Detection of microplastics was often performed by visual inspection using a microscope, which was shown to be error-prone and can lead to overestimation or underestimation (Lenz et al., 2015). For material identification, spectroscopic methods such as Raman and FTIR are commonly applied (Dümichen et al., 2017; Hanvey et al., 2017; Kniggendorf et al., 2019; Wander et al., 2020; Wright et al., 2019). However, these spectroscopic methods are expensive and require laborious sample purification, which led to a parallel interest in alternative detection methods such as cytometry (Sgier et al., 2016), thermal degradation (Dümichen et al., 2017) and fluorescence microscopy (Maes et al., 2017). Among these methods, fluorescence microscopy has the potential for fast detection as it involves a simple step of fluorescence labeling with a solvatochromic dye. In 2010, the use of a lipophilic dye to stain microplastics was suggested for the first time (Andrady, 2010). Followed by this, several different Nile Red-based staining protocols for the fluorescence labeling of microplastics were reported so far (Cole, 2016; Erni-Cassola et al., 2017; Hengstmann and Fischer, 2019; Lv et al., 2019; Maes et al., 2017; Prata et al., 2020, Prata et al., 2019; Shim et al., 2016; Stanton et al., 2019; Tamminga et al., 2017).

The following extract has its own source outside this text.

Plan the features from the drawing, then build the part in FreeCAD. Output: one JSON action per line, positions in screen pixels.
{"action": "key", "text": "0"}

Nile Red is a benzophenoxazine dye extensively used in biological imaging (Martinez and Henary, 2016). It is known to have a high quantum yield in non-polar media and a wide solvatochromic range due to both its high chromophore sensitivity to solvent polarity and its dielectric constant (Martinez and Henary, 2016). This feature of Nile Red as a probe to distinguish plastic samples based on their polarity has been explored by the existing protocols using fluorescence microscopy (Cole, 2016; Maes et al., 2017). In these published protocols the micrographs of fluorescing dyed virgin microplastics were sufficient to successfully categorize the plastics based on their polarity (polar/less polar) (Cole, 2016; Maes et al., 2017). Yet, the exact information of the material type could not be determined.

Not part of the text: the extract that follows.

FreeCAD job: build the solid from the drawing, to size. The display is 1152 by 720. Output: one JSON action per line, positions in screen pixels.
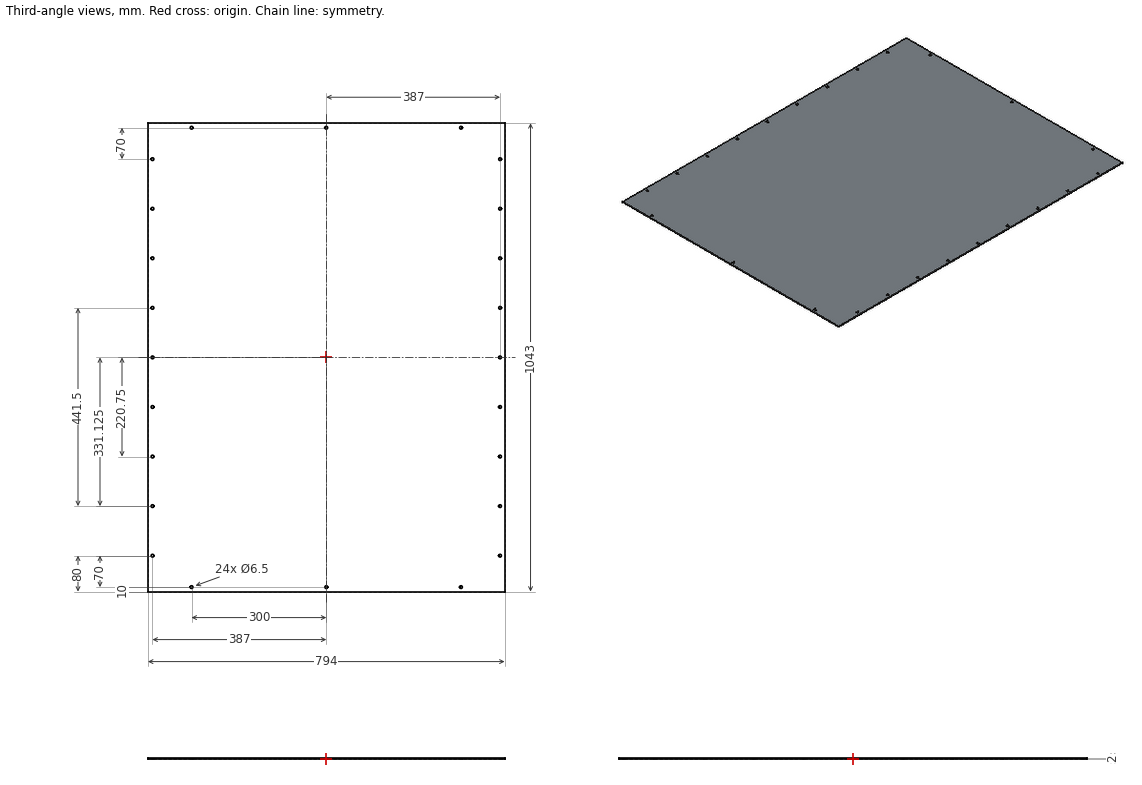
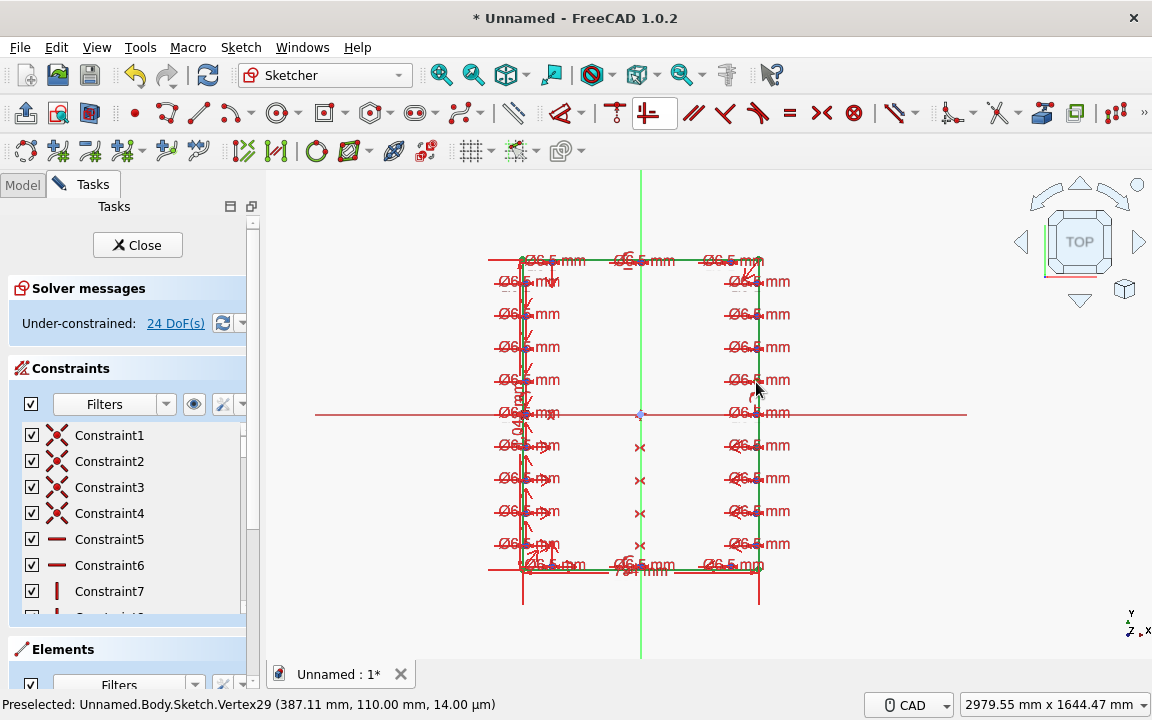
{"action": "left_click", "coordinate": [344, 415]}

Previous studies considered only the color of the emission in the fluorescence images. In this work, we additionally investigate the spectral emission by using photoluminescence (PL) spectroscopy. By studying the effect of staining parameters (dye concentration, type of solvent, staining temperature, and staining time) on the PL, we developed an optimized staining protocol. To pinpoint interprotocol differences, we compared our protocol with the existing protocols published prior to 2019. Finally, we investigated whether our optimized protocol can differentiate between (i) plastic types and (ii) plastics and natural materials.